01.Association02.Inferential tests - sporedata/researchdesigneR GitHub Wiki

1. Use cases: in which situations should I use this method?

They are used to compare two variables (or a variable vs. a population) as an initial exploratory analysis or explore unadjusted relations. Unadjusted relations are useful since they show "the world as it is" rather than exploring causes.

2. Input: what kind of data does the method require?

  1. Cross-sectional or longitudinal data
  2. Outcome and predictor variables

For each of the tests below, there is a frequentist and a Bayesian version of the test.

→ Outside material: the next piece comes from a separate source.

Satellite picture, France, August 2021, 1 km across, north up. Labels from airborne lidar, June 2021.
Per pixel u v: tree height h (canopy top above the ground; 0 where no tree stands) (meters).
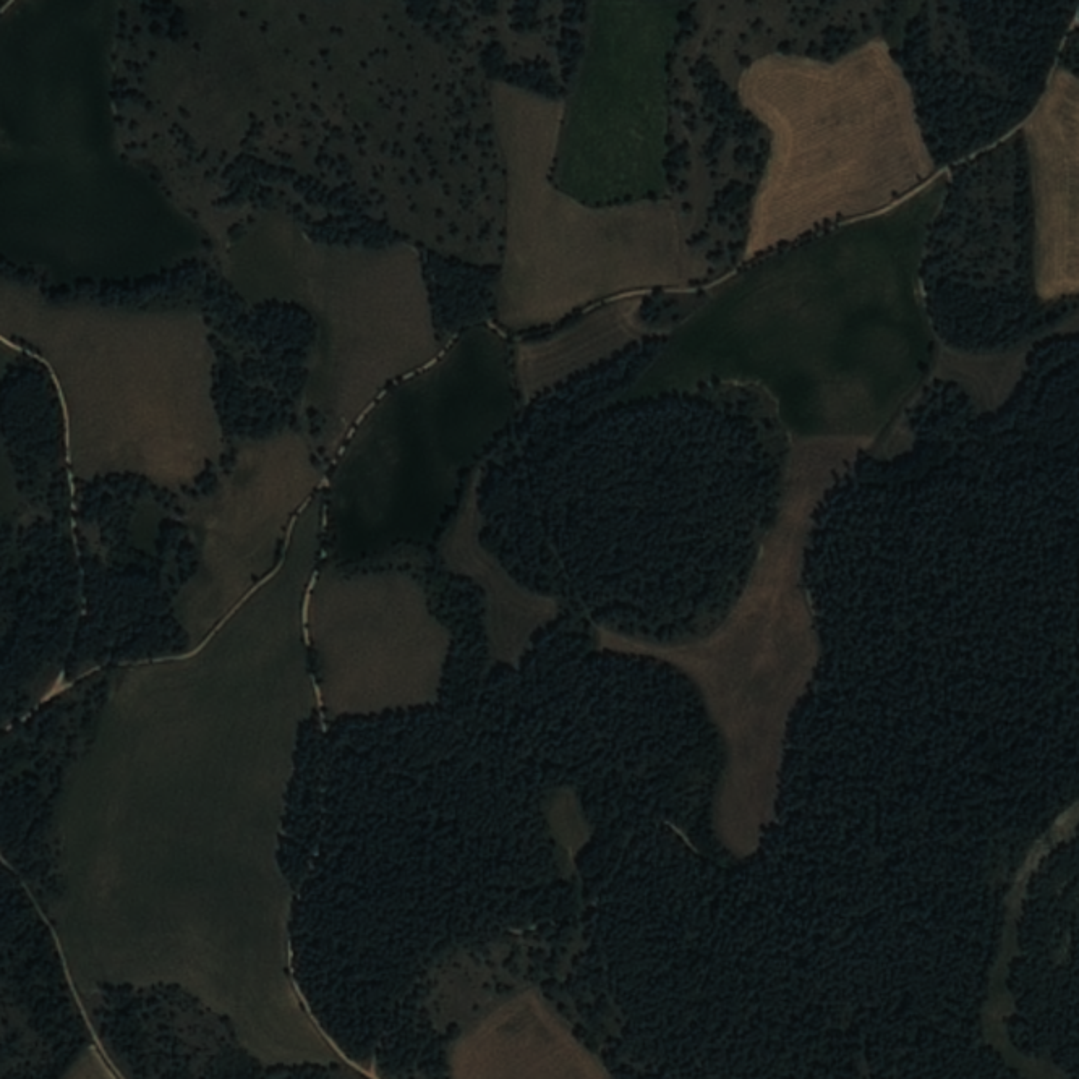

  • T-tests - comparing a continuous variable across two groups, i.e. a continuous and a dichotomous variable. A t-test requires a continuous outcome variable and a dichotomous (yes/no) predictor.
  • Chi-square tests - compares two categorical variables. Chi-square tests requires a categorical outcome variable and a categorical outcome variable
  • Correlation tests - compares to continuous variables.
  • Standardized Mean Difference (SMD) - comparing a continuous variable across two groups, i.e. a continuous and a dichotomous variable. We consider the following guidelines when interpreting SMD magnitude: SMD = 0.2 corresponds to a small effect; SMD = 0.5 corresponds to a medium effect; and SMD = 0.8 corresponds to a large effect [4]
  • Population Attributable Fraction (PAF) - calculates the contribution of individual risk factors to the burden of disease [5] [7].
  • Frequentist tests are chosen by algorithm. Common ones include

    • Two-sample t-test - outcome close to a normal distribution, risk factor dichotomous, patients coming from two distinct samples
    • Paired t-test
    • One-sample t-test
    • Chi-square test
    • Correlation test
  • Mock dataset

    • library(fabricatr)
      patients <- fabricate(
      N = 1000,
      gender = draw_binary(0.5, N = N),
      qol = round(runif(N, 45, 90)),
      age = round(runif(N, 18, 85)),
      prepost = draw_binary(prob = ifelse(qol < 40, 0.4, 0.7), N=N),
      rural = draw_binary(prob = ifelse(qol < 55, 0.3, 0.9), N=N)
      )

3. Algorithm: how does the method work?

Model mechanics

  • Bayesian inferential tests are based on the presence of prior belief (in clinical research often being mildly informative) being updated by data, and generating a posterior belief

Describing with code

  • Explanatory analysis

outcomes <- c("qol")
predictors <- c("gender", "age")
confounders <- c()
expanalysis <- sdatools::ExplanatoryAnalysis(data, predictors, confounders, outcomes, split_predictors = TRUE,
preprocess_missing = FALSE,
preprocess_linear_combos = FALSE,
preprocess_nzv = FALSE,
preprocess_high_correlation = FALSE,
labels = NULL)
knitr::kable(t(sdatools::predictedMeans(expanalysis)))

Data science packages

  • rstan [1] and brms [2] for Bayesian methods.
  • frequentist t-tests, Chi square tests, and correlation tests are available as part of base R, as well as across dozens of different packages.
  • epiR for Population Attributable Fraction [3].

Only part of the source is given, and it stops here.